Task instructions -> From the entries, copy every line that carries the string "object".
** Opening Recorded information block **
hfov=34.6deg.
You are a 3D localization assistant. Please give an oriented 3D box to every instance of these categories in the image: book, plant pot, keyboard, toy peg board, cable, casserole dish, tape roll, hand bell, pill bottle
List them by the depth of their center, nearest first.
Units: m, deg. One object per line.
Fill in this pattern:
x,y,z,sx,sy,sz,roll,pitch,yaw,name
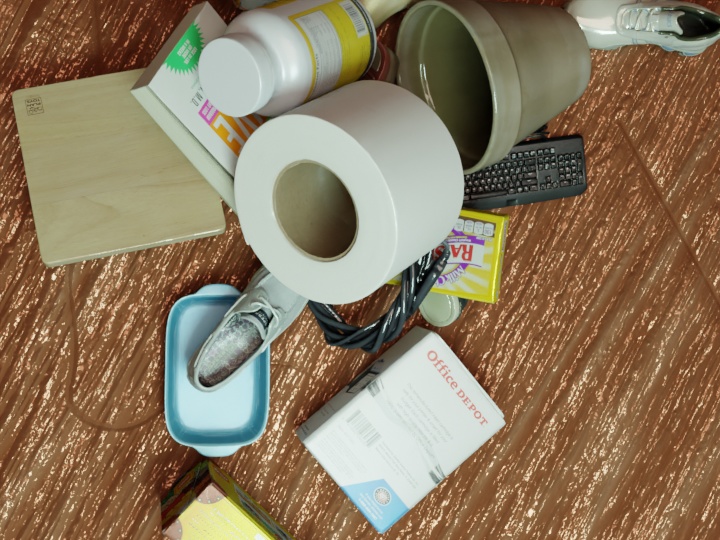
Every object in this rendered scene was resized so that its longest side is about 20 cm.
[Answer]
-0.011,-0.083,1.198,0.139,0.202,0.203,-34,101,-48,tape roll
-0.077,-0.227,1.218,0.200,0.112,0.112,-34,101,-49,pill bottle
-0.143,-0.170,1.250,0.200,0.048,0.134,49,54,-32,book
-0.270,-0.110,1.304,0.199,0.098,0.200,-12,79,-11,toy peg board
0.000,0.000,1.329,0.163,0.051,0.200,38,113,12,cable
0.163,-0.231,1.334,0.173,0.200,0.200,-21,97,-26,plant pot
-0.031,-0.267,1.343,0.104,0.104,0.200,39,97,-10,hand bell
-0.168,0.115,1.349,0.121,0.039,0.201,0,92,-11,casserole dish
0.181,-0.129,1.404,0.199,0.040,0.104,-10,95,-11,keyboard

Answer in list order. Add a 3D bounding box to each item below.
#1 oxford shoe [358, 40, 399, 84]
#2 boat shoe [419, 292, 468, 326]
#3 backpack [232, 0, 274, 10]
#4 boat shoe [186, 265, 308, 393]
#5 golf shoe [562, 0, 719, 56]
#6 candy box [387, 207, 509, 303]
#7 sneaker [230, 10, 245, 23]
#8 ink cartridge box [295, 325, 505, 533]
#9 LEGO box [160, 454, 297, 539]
-0.012,-0.171,1.351,0.070,0.075,0.200,40,106,24,oxford shoe
0.093,-0.037,1.381,0.066,0.074,0.200,-21,96,-52,boat shoe
-0.107,-0.398,1.270,0.175,0.153,0.200,-24,60,-7,backpack
-0.117,0.060,1.301,0.070,0.072,0.201,42,84,-11,boat shoe
0.346,-0.306,1.398,0.199,0.097,0.079,1,94,-9,golf shoe
0.068,-0.029,1.337,0.200,0.026,0.103,10,105,20,candy box
-0.104,-0.283,1.316,0.075,0.088,0.200,44,84,-8,sneaker
0.046,0.185,1.369,0.200,0.086,0.147,-40,100,-8,ink cartridge box
-0.129,0.315,1.310,0.200,0.149,0.077,45,85,-9,LEGO box
** Closing Recorded information block **
Exercise solution ->
Units: m, deg. One object per line.
Every object in this rendered scene was resized so that its longest side is about 20 cm.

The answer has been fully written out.